━━━ Task input
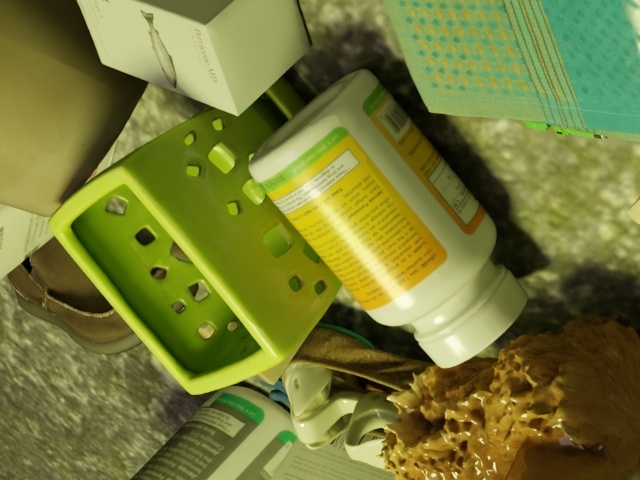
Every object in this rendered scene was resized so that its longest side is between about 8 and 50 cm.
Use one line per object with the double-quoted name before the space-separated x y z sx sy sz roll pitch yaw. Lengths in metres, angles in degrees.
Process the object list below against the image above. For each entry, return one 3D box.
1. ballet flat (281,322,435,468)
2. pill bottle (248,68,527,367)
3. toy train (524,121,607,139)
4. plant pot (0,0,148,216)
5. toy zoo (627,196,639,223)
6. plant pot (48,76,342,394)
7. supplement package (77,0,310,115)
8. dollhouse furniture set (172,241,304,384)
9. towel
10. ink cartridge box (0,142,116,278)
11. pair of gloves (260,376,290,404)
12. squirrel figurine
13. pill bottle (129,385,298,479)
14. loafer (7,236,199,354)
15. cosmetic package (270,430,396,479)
"ballet flat" 0.051 0.170 1.824 0.342 0.124 0.116 15 137 40
"pill bottle" 0.064 -0.014 1.547 0.246 0.136 0.136 50 153 -9
"toy train" 0.189 -0.091 1.392 0.083 0.017 0.024 16 152 44
"plant pot" -0.328 -0.175 1.741 0.280 0.323 0.323 34 157 -15
"toy zoo" 0.373 0.034 1.291 0.293 0.030 0.192 43 154 4
"plant pot" -0.082 -0.015 1.668 0.228 0.207 0.227 52 152 -7
"supplement package" -0.115 -0.200 1.573 0.179 0.105 0.105 23 146 37
"dollhouse furniture set" -0.089 0.039 1.870 0.151 0.144 0.123 44 163 -33
"towel" 0.118 -0.235 1.269 0.271 0.040 0.370 14 138 45
"ink cartridge box" -0.364 -0.044 1.970 0.115 0.273 0.198 44 154 7
"pair of gloves" -0.019 0.153 2.038 0.159 0.023 0.198 26 147 37
"squirrel figurine" 0.218 0.273 1.572 0.370 0.281 0.397 111 142 -63
"pill bottle" -0.163 0.362 2.161 0.204 0.361 0.204 34 152 21
"loafer" -0.285 0.038 2.126 0.366 0.134 0.130 8 136 51
"cosmetic package" 0.053 0.289 1.958 0.151 0.151 0.184 16 143 27
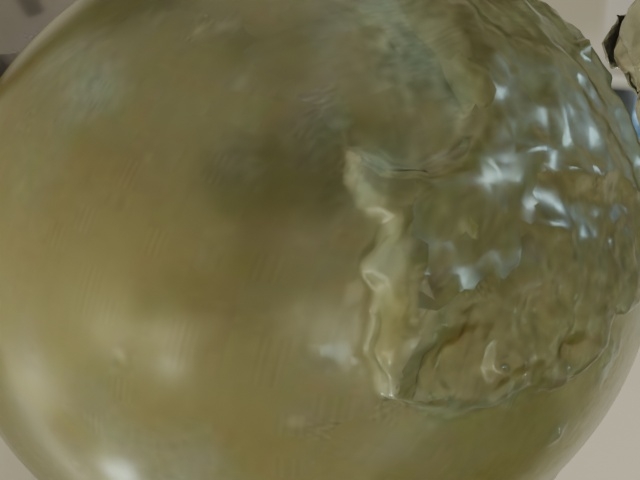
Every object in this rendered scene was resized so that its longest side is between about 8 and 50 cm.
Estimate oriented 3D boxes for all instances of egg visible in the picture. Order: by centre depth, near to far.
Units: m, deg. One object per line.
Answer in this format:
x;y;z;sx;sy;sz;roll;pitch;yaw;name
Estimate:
0.002;0.002;0.439;0.164;0.164;0.201;4;-177;34;egg

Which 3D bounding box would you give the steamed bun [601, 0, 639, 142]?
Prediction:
0.351;-0.151;1.002;0.394;0.237;0.346;1;143;-7;steamed bun

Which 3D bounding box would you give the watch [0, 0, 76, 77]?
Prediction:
-0.088;-0.159;0.583;0.231;0.196;0.244;-17;146;-34;watch
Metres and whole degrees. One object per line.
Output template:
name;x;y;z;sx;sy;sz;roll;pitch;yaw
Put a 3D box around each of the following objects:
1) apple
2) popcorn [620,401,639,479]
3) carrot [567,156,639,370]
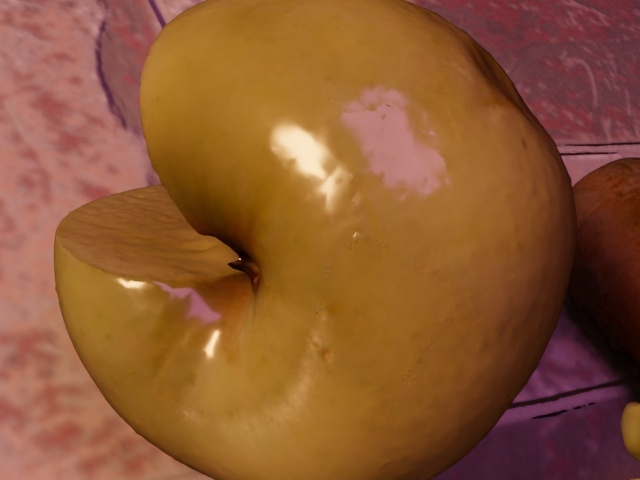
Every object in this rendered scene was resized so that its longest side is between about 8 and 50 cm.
apple;0.000;0.000;0.581;0.292;0.292;0.254;47;29;17
popcorn;0.279;0.202;0.585;0.293;0.237;0.293;17;47;-19
carrot;0.304;0.066;0.812;0.138;0.139;0.302;-11;57;-37
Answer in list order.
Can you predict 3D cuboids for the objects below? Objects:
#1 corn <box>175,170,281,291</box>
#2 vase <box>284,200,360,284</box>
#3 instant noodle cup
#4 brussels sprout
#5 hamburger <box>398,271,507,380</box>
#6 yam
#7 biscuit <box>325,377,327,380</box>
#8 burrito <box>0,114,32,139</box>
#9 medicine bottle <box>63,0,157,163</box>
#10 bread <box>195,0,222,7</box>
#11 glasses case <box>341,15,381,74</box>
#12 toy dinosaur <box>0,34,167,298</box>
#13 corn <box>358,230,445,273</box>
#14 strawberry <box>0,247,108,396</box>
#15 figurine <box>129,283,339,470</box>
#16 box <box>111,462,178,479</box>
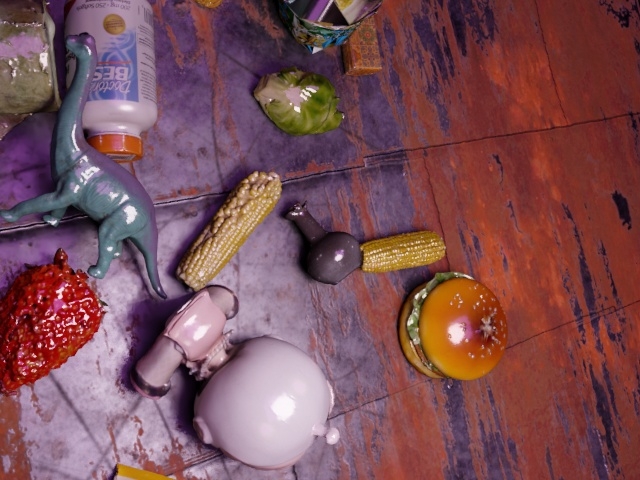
━━━━━━
Give the lines again exactly, beginning with the first line of the records above and ending with the line that contains "1. ballet flat (281,322,435,468)", and include no pictures.

Every object in this rendered scene was resized so that its longest side is between about 8 and 50 cm.
Use one line per object with the double-quoted name before the space-separated x y z sx sy sz roll pitch yaw. Lengths in metres, angles in degrees.
Process the object list below against the image above. For each entry, return one 3D box.
1. ballet flat (281,322,435,468)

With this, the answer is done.